Выбрать главу

— Присаживайтесь, Танечка-сан. Вам еще не надоело таскать на поясе этот антиквариат?

— Ярик… что ты собираешься делать дальше?

— Ничего, — после короткой паузы признался фрегат-капитан. — И это самое тяжелое.

— Ты опять начал говорить военно-морскими загадками, — уверенно констатировала комиссар. — Переведи на нормальный человеческий, будь любезен.

— Да в общем, все просто, — пожал плечами Ярослав. — Главный вопрос в чувствительности гидрофонов этой долбанной самонаводящейся гадины. Она не может быть сильно больше, чем у наших акустических торпед, скорее всего, там ровно та же каша из ламп, реле и проводов. Мы, конечно, не парусник с картинки, но волны и ветер нас кое-как тащат. За пять часов темноты в дрейфе отойдем на достаточное расстояние, чтобы спокойно запустить электромоторы в режиме подкрадывания. Дальше понятно…

— Дальше понятно, — согласилась Татьяна. — Но не понятно, что тебя еще грызет, как голодная мурена. Выкладывай, Хан Глубины.

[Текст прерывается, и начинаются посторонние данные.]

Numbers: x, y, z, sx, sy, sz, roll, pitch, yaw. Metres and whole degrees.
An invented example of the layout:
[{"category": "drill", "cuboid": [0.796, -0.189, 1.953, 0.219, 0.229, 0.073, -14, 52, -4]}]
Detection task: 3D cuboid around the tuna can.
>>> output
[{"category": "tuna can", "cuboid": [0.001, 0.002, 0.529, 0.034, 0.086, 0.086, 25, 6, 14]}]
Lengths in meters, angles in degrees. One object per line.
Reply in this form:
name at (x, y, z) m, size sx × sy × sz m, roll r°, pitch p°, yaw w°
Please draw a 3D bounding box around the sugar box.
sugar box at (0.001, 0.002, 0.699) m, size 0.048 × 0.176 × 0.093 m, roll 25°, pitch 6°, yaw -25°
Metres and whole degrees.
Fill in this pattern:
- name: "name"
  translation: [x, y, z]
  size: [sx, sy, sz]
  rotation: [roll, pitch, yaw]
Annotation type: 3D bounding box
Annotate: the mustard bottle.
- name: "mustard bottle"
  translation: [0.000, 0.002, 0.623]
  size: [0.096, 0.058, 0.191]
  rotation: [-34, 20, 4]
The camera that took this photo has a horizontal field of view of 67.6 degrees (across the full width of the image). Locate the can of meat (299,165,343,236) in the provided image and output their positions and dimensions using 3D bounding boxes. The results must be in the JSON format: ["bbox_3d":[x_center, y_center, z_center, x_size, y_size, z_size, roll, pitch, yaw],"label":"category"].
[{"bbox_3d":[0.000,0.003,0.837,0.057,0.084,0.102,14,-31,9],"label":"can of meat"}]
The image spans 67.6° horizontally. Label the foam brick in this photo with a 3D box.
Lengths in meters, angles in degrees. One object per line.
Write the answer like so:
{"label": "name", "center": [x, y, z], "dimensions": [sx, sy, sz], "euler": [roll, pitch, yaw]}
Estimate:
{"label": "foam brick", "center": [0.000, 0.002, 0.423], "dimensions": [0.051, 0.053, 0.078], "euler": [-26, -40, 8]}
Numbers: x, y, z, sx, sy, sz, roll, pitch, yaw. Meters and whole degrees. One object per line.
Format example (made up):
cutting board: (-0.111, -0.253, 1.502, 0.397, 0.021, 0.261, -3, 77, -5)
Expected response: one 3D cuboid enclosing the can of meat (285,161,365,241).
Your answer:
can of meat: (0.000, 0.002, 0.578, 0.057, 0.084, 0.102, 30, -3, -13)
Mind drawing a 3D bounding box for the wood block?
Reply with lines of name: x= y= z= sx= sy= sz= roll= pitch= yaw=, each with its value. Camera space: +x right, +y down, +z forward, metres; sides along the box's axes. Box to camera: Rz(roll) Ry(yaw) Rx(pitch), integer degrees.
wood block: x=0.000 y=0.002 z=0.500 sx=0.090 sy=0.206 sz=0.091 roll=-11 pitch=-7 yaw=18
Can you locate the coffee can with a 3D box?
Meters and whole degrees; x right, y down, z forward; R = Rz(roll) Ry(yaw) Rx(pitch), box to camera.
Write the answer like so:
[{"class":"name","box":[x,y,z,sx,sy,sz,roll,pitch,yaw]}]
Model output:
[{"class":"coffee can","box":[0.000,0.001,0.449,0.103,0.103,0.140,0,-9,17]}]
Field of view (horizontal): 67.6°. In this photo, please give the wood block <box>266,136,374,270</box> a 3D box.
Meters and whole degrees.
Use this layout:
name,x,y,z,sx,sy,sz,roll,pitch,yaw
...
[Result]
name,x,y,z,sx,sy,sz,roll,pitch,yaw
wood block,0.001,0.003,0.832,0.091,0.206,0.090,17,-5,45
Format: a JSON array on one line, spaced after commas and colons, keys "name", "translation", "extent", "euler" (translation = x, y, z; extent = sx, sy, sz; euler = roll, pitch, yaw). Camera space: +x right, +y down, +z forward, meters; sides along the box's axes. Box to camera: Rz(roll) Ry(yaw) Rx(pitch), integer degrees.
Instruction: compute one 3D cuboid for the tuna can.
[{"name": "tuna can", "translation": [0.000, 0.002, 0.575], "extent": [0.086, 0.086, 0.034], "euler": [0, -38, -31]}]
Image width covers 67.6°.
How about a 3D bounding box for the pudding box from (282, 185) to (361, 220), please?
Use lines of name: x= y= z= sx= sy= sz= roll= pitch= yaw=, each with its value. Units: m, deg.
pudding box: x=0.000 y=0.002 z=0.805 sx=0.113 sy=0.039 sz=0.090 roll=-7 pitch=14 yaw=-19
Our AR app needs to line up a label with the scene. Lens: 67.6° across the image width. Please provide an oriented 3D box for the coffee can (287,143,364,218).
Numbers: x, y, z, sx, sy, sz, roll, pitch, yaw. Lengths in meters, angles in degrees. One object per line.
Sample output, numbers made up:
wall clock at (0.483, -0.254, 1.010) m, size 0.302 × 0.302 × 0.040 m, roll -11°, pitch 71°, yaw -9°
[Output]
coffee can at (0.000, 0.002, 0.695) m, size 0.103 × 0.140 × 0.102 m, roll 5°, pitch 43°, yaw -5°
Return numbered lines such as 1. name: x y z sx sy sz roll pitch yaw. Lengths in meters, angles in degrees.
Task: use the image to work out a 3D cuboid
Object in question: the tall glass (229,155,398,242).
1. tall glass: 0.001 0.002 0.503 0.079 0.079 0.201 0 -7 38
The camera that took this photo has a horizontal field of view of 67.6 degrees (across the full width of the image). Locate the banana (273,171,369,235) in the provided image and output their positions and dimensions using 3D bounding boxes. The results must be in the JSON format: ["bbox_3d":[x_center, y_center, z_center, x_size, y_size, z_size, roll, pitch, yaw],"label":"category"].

Фон Хартманн тяжело вздохнул. Комиссару пока еще остро не хватало знаний и опыта настоящего глубинника. Но вот по части «опять этот мужик от меня что-то скрывает» у неё все было в порядке. Интересно, это фамильное чтение ауры играет или пресловутая женская интуиция?

— Есть один очень тонкий вопрос. Где-то там, — Ярослав махнул рукой на гребни волн между подводной лодкой и островом, — должно быть минное заграждение. Обязано быть. Это как Аксиома Пифагора, прикрыть проход в рифе от всяких любителей порезвиться на фарватере, вроде нас. И чем дальше мы от нашей мины, тем ближе к их минному полю. Донные мины, магнитные, акустические, контактные повышенной чувствительности… в общем, вся дрянь, которую можно представить, глядя в разведсводки. Тонкость вопроса как раз и заключается в том, уйдем ли мы из радиуса обнаружения раньше, чем заползем с ногами на эту адскую сковородку.

— И… что мы можем сделать?

— Практически ничего. Если все же рванет… остров недалеко, волны и ветер попутные. Главное, выбраться из отсека.

— Ты именно поэтому затеял эту пересменку с «подышать свежим воздухом»? — догадалась комиссар. — Чтобы хоть у кого-то был шанс?

— И поэтому тоже, — подтвердил фрегат-капитан. — Только это не главное.

— А что главное?

— Да просто чтобы девчонки выбрались наружу и посмотрели на это! Ночь, небо, звезды, океан. Пусть вспомнят, ради чего стоит жить.

— Строго говоря, — наставительно произнесла Татьяна, — для этого достаточно было бы пронести по лодке портрет Императора. Которого у нас, кстати, говоря, нет. Хотя по инструкциям они положены всем боевым кораблям, до шестого ранга включительно.

Фон Хартманн с трудом сдержал приступ нервного смеха. Однажды ему довелось наблюдать процедуру спасения императорского портрета с «боевого корабля шестого ранга» — напоровшегося на сваю портового буксира, по случаю войны произведенного в рейдовые тральщики.

Спасательная шлюпка на тральщике имелась, но её размеры позволили разместить лишь тот самый портрет, с надлежащим почтением размещенный на подпорке из весел. Что касается капитана и матросов, то для них нашлось место лишь за бортом, в по-осеннему холодной и очень грязной воде военного порта.

— Что такое?

— Нет, просто вспомнилось… ты права, портреты Императора на подводные лодки не выдают. Есть какой-то вид плесени, который с особым упоением жрет «Имперский янтарный». Как не старались герметизировать, через месяц похода вместо краски сплошное оскорбление Его Величества действием. А фотографии в большом формате, сколько не ретушируй, не… передают величия в должной степени, как это умеют придворные художники.

— Понятно.

Командир ждал еще чего-то, но комиссар молчала. Просто сидела рядом с ним, глядя на ночной океан. Потом — через пять, десять или все двадцать минут, — положила ему голову на плечо. Ярослав несмело, словно школьник на первом свидании, обнял её и прижал к себе.

А ещё вечность спустя он понял, что Татьяна уснула.

Глава третья. Целеполагание.

Шоколад с первитином действует намного эффективнее, если не разбавлять его шоколадом!

Й. Менгеле. Нарколог.

— Типичное имперское качество, — прокомментировала Анна Тояма. Ожоги на лице уже заросли, но полосы разноцветной кожи, загорелой и болезненно-розовой, придавали девушке вид дворовой кошки. Особенно заметным это становилось, когда Тояма улыбалась. — Удивительно, что он вообще до нас пикировал столько времени на такой скорости и не развалился.